Sex Work is Work (#507)

It looks like Huffington Post is slowly turning away from prohibitionism as the wind changes direction; here’s a recent article by Katherine Koster of SWOP offering “a few tips to the media about how to ethically report on sex work“.  The list includes “Stop publishing the mugshots, full names and addresses of people arrested for prostitution”, “Check your source’s stats and research”, “Ask questions, especially about race, class and collateral damage”, “Use multiple sources, and don’t omit relevant information and/or counterpoints”, “Quote people involved in the sex trade, and publish letters and op-eds by current and former sex workers”, and “Stop mis-gendering sex workers, and stop relying on racist and sexist stereotypes”.

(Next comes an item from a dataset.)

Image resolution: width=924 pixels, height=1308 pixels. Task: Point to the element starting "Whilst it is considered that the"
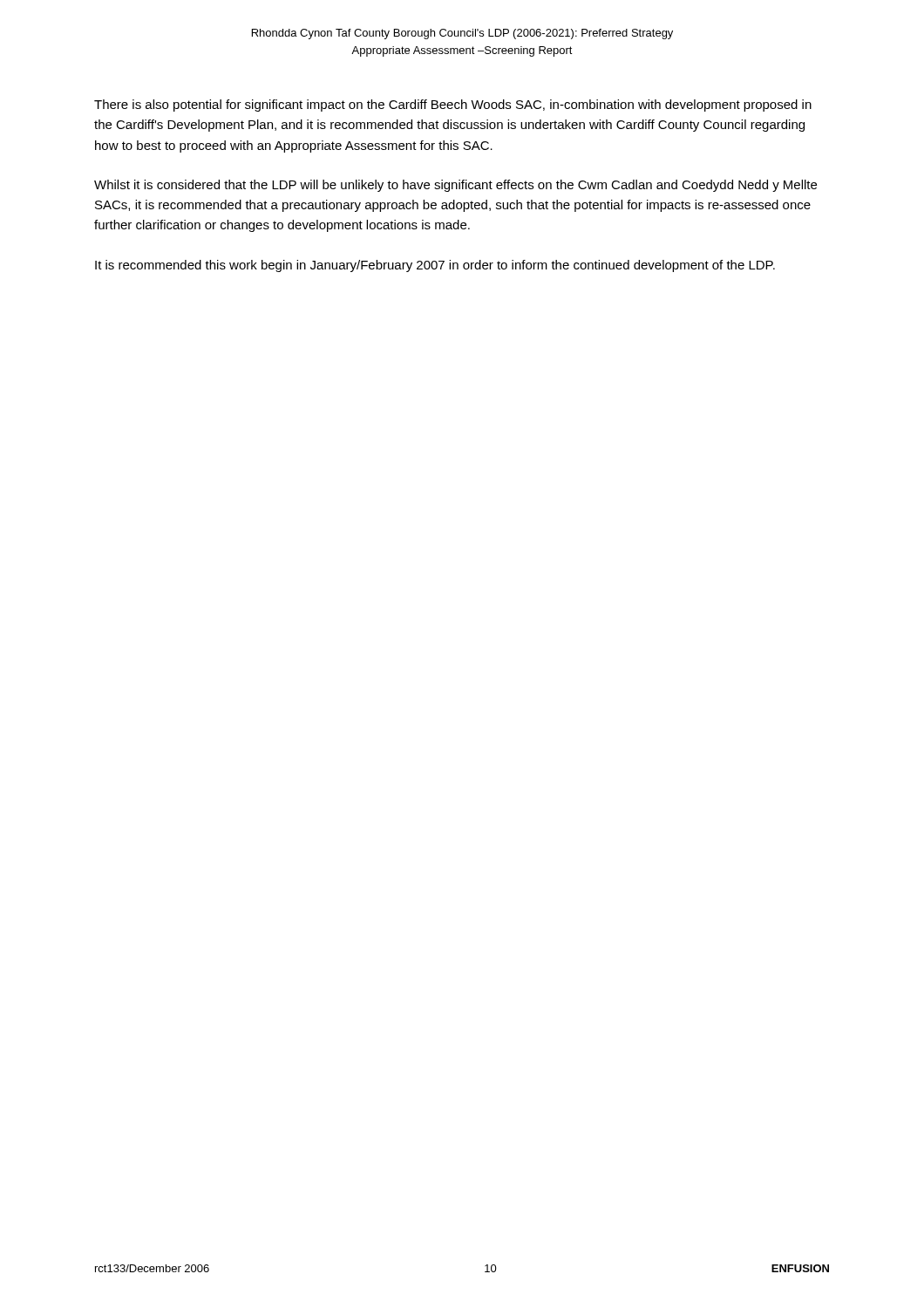(x=456, y=205)

Marching Up Their Own Arses (#537)

Three of the five sex workers who publicly alleged that A&E reality series 8 Minutes lied to them filed a lawsuit against the network and Relativity Media…The show purported to help sex workers leave “the life,” but…the show never delivered on its promises, which they said included assistance with employment, housing, and medical needs…Kamylla, Gina, and Jazzy claim breach of contract, fraudulent inducement, negligent misrepresentation, and intentional infliction of emotional distress.  In addition, Gina and Jazzy claim invasion of privacy; although she was filmed for the series, no episode with Kamylla was ever broadcast…

A Load of Farley (#570)

Mark Draughn wonders what it would matter if Farley’s latest nonsense claims were true:

…The moral and ethical aspects of specific actions should not be confused with the general moral and ethical tendencies of the individuals who perform them…A bad person doing good things doesn’t make the good things bad…asking whether clients of prostitutes have good attitudes toward women is missing the point.  Prostitution is labor if the women get paid and choose to do it of their own free will, it’s abuse if the women get abused, and if the women are forced into it, it’s rape and human trafficking.  We don’t need to do social surveys to get this right. What we need to do is make sure that sex workers are free to choose, and then we need to trust that they will make the best choices about who they accept as clients.